Regardless, a viewer can’t help but spend time with his work. And feel it’s time well-spent.
Art’s trio of pastels, “Falls at Tuckaway 1-3” show the artist in another medium and subject matter. These are landscapes (he’s a figurative artist for the most part), and are alive with fluid lines in the water’s motion, and wild abandon and chaos in the woods and land around it.
And just as compelling are Margo’s large digital photographs, taken on the couple’s trips to Ecuador in 2009 (with the University of Georgia) and in Japan in April of this year (where they attended a wedding).

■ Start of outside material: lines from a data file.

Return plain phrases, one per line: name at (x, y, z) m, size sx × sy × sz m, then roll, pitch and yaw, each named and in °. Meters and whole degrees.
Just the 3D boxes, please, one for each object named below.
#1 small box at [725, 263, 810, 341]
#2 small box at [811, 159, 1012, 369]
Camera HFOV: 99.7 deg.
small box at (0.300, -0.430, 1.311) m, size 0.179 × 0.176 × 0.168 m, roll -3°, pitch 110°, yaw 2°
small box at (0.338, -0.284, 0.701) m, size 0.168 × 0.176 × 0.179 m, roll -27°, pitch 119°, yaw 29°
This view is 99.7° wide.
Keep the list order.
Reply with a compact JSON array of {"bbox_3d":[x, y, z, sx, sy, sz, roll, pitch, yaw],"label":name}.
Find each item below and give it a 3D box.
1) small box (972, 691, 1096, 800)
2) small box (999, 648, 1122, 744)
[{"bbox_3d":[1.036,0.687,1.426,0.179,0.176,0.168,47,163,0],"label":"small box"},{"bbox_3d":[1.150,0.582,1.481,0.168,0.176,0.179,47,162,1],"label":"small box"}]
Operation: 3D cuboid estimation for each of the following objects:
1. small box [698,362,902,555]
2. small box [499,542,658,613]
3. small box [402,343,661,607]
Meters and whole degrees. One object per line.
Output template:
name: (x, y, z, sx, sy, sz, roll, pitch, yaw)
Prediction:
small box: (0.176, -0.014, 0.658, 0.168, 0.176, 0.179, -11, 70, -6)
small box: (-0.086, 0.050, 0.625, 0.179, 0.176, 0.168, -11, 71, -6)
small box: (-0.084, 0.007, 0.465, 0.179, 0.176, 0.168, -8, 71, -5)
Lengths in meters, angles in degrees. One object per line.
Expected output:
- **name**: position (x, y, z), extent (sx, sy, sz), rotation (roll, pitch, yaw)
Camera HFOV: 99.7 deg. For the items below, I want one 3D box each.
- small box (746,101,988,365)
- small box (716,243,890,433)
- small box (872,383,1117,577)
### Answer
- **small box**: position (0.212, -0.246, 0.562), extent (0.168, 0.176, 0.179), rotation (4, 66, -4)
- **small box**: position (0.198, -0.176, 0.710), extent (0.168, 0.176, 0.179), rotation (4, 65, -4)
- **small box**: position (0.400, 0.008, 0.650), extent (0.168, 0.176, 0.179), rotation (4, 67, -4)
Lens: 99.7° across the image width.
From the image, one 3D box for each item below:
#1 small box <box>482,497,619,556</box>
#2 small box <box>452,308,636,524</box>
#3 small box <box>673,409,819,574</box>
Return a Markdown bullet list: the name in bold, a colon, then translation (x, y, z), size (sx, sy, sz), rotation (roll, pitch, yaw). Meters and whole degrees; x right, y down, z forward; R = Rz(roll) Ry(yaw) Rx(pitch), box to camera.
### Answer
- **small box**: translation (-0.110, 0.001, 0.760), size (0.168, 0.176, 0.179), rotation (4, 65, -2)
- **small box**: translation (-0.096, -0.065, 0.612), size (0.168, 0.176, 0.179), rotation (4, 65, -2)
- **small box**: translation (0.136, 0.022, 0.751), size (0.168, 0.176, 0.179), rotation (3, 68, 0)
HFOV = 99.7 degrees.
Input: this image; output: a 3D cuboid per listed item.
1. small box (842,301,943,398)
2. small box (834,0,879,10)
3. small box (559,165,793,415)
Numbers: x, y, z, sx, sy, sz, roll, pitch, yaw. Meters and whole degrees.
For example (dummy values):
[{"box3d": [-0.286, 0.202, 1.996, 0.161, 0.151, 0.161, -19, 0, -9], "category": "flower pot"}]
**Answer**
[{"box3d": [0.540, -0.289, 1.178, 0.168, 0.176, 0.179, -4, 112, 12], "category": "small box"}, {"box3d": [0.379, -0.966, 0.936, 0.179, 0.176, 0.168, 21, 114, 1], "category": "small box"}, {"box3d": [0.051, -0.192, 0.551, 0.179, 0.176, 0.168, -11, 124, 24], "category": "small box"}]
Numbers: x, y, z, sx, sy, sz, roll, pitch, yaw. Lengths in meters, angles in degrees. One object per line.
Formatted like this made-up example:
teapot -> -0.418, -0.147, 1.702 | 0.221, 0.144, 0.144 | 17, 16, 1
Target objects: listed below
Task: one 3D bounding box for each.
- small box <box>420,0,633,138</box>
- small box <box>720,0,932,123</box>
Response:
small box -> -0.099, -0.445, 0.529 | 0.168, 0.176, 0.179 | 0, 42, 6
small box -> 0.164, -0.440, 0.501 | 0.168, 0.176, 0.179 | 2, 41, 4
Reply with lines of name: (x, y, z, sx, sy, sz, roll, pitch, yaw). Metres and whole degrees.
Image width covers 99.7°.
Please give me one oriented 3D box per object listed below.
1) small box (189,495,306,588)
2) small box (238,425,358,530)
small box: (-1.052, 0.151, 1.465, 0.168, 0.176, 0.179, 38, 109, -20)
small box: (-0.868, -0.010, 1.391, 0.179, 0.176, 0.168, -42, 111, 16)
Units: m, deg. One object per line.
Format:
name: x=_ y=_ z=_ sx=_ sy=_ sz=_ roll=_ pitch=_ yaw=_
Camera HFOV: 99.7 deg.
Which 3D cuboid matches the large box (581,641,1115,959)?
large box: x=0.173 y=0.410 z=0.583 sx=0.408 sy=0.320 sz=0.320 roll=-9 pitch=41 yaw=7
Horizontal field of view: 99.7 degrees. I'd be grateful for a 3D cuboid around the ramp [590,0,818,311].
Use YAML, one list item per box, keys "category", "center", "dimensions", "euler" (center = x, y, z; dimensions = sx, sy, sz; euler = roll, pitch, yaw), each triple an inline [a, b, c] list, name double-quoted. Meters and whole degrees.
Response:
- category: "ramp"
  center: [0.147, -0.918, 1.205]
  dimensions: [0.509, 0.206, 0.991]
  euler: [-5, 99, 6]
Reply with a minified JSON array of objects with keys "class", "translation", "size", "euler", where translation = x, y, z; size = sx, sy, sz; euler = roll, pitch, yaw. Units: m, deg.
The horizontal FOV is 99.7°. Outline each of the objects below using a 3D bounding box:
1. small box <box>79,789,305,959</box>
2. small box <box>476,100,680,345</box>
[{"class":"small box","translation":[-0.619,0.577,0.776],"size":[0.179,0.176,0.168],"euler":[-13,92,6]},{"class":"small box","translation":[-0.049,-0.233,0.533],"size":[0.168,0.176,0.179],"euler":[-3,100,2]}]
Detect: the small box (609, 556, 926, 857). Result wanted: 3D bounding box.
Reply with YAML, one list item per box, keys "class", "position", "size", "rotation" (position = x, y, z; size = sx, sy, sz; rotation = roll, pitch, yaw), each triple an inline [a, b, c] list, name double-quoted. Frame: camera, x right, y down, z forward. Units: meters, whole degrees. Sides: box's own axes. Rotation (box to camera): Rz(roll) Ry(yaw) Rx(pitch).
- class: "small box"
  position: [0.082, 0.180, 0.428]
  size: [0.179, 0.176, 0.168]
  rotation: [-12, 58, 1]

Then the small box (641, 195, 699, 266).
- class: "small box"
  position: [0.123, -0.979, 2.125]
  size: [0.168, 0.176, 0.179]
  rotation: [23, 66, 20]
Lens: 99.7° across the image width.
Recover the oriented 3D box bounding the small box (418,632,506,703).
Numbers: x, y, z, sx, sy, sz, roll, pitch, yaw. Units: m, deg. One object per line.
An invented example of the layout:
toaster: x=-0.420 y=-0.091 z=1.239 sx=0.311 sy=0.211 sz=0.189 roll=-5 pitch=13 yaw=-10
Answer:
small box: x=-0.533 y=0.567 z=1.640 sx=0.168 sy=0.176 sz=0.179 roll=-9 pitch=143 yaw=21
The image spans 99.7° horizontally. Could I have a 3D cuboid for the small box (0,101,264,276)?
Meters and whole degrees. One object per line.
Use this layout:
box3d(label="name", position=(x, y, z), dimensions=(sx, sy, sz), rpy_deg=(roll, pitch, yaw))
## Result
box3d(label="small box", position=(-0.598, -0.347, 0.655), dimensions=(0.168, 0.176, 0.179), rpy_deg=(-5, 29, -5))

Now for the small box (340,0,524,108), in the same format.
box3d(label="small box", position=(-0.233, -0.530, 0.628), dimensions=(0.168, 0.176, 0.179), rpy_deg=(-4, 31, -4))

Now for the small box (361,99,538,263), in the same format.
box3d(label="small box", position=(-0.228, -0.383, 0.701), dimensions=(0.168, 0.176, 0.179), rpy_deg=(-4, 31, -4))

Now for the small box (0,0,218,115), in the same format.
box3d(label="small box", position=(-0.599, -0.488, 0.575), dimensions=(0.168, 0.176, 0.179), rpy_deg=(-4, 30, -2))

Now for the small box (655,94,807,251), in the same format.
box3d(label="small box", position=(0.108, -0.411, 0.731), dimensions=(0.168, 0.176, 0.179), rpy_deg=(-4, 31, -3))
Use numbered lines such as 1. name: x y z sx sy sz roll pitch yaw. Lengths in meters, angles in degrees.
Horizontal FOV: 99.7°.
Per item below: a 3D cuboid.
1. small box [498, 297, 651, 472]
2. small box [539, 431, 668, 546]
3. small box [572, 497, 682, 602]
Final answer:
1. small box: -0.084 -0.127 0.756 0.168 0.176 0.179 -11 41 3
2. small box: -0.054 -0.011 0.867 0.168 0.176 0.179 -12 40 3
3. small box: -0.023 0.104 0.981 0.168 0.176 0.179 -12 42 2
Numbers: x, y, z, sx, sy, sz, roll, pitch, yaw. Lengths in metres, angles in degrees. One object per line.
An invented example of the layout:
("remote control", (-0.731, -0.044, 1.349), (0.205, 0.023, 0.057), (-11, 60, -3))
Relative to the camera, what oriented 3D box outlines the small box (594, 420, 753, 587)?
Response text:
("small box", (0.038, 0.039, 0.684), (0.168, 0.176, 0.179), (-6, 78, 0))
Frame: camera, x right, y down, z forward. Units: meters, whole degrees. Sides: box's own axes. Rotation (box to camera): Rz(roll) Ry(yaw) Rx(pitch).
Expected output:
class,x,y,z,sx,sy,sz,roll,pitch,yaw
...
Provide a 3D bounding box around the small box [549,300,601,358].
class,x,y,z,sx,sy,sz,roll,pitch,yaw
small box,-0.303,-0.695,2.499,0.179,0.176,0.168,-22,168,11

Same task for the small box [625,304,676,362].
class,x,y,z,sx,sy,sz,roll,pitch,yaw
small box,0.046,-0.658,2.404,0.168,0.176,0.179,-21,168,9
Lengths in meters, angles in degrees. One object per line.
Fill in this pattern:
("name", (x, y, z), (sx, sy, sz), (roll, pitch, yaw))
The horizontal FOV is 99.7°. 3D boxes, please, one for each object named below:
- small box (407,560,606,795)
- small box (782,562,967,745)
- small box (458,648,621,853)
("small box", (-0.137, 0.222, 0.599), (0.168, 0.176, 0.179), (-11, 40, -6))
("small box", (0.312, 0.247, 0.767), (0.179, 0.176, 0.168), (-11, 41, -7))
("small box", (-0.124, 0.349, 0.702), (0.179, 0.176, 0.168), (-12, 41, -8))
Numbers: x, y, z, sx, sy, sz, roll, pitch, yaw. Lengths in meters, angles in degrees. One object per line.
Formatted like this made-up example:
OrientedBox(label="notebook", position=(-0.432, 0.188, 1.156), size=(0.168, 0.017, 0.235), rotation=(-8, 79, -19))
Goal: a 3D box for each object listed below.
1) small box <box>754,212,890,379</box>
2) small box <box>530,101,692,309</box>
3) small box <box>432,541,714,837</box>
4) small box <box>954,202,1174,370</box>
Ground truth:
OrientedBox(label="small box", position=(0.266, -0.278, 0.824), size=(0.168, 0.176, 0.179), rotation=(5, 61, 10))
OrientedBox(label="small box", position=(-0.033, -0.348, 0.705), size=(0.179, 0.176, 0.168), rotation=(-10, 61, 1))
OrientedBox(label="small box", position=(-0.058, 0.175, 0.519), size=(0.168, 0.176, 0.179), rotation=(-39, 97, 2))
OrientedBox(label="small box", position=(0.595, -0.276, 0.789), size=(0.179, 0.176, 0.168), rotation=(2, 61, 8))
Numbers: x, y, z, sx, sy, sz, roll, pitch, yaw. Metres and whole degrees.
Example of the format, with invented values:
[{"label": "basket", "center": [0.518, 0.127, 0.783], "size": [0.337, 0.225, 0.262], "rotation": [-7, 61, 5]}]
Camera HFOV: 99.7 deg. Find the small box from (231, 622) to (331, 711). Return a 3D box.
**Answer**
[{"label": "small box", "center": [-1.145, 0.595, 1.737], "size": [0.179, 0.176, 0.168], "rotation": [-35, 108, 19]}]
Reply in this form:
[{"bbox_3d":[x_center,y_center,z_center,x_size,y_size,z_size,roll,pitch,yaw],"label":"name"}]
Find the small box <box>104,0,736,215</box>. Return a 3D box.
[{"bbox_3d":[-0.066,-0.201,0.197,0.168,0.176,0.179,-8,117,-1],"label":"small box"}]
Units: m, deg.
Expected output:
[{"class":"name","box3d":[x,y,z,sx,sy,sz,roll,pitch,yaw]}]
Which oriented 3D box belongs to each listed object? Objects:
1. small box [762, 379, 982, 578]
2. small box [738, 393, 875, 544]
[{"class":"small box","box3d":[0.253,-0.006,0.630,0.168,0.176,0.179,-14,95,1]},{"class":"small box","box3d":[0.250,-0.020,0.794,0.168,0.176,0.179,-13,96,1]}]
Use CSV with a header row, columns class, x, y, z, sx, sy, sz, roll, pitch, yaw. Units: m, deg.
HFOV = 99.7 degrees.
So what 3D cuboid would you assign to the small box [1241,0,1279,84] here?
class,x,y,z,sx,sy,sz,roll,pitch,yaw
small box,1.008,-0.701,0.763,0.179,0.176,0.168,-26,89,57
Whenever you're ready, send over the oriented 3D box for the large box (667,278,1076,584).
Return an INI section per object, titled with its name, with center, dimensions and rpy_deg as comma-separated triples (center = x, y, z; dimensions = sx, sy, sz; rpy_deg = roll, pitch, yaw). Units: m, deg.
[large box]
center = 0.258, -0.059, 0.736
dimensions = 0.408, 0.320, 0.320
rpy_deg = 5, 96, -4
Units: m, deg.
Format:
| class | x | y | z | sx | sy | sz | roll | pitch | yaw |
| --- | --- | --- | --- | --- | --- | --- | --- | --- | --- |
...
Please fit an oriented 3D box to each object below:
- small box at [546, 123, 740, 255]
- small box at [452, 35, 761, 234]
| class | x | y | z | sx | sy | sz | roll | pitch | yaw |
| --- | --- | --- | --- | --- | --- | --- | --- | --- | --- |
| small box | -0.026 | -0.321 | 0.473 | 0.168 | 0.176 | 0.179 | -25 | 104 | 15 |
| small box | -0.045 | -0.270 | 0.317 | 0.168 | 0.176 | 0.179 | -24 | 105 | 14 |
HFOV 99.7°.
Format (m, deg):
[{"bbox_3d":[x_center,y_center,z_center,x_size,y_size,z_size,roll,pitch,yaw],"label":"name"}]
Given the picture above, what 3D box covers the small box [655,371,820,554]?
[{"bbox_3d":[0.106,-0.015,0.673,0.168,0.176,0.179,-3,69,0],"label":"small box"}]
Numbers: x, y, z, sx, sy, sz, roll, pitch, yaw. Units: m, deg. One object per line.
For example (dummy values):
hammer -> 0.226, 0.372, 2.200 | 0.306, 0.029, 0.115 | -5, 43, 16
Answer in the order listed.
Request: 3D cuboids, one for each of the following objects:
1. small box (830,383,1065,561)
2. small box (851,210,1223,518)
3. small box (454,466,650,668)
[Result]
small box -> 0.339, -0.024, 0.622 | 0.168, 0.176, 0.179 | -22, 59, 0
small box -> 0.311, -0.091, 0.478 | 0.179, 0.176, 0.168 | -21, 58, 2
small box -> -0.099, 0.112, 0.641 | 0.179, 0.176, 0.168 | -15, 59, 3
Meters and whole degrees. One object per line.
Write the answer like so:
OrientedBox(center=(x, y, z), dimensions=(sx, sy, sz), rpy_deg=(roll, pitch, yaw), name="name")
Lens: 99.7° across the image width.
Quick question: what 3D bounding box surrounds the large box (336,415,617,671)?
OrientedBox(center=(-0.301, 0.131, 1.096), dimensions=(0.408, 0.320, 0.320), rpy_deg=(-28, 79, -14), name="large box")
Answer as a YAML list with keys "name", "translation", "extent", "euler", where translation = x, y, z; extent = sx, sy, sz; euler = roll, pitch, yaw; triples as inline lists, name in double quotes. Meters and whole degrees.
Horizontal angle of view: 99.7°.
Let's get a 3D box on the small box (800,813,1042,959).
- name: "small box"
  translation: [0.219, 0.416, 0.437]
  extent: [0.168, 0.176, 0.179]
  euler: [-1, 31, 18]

Composition and color are vivid, and in some cases create an almost abstract quality, though never so much that the connection with the subject is lost. There’s also a clear fascination on the artist’s part in seeing each country’s ancient tradition co-mingling with its present, modern culture.
Also presented are luminous black and white silver gelatin prints (taken during Art’s field recordings). Margo’s ability to capture a moment at its height probably is most evident in “Doc and Lucy with Kids Singing, 1978.” The subjects, Athens’ own Doc and Lucy Barnes, with their children, are completely lost in the song, drawing us in so much we want to know what they’re singing.
Thankfully, Art can answer the question, and has it committed to tape — “Teach Me Master, Teach Me How To Pray,” which is included on the first volume of “The Art of Field Recording,” he says.
He notes that the photograph is typical of Margo’s talent behind the lens.
And on that note, feedback is another thing the two don’t wax poetic about.
“We do look at each other’s work,” Art says. “We talk to each other and are very honest — we’re not a mutual admiration society,” he adds with a laugh. “But I really respect Margo’s eye and her opinions. We learn from each other.”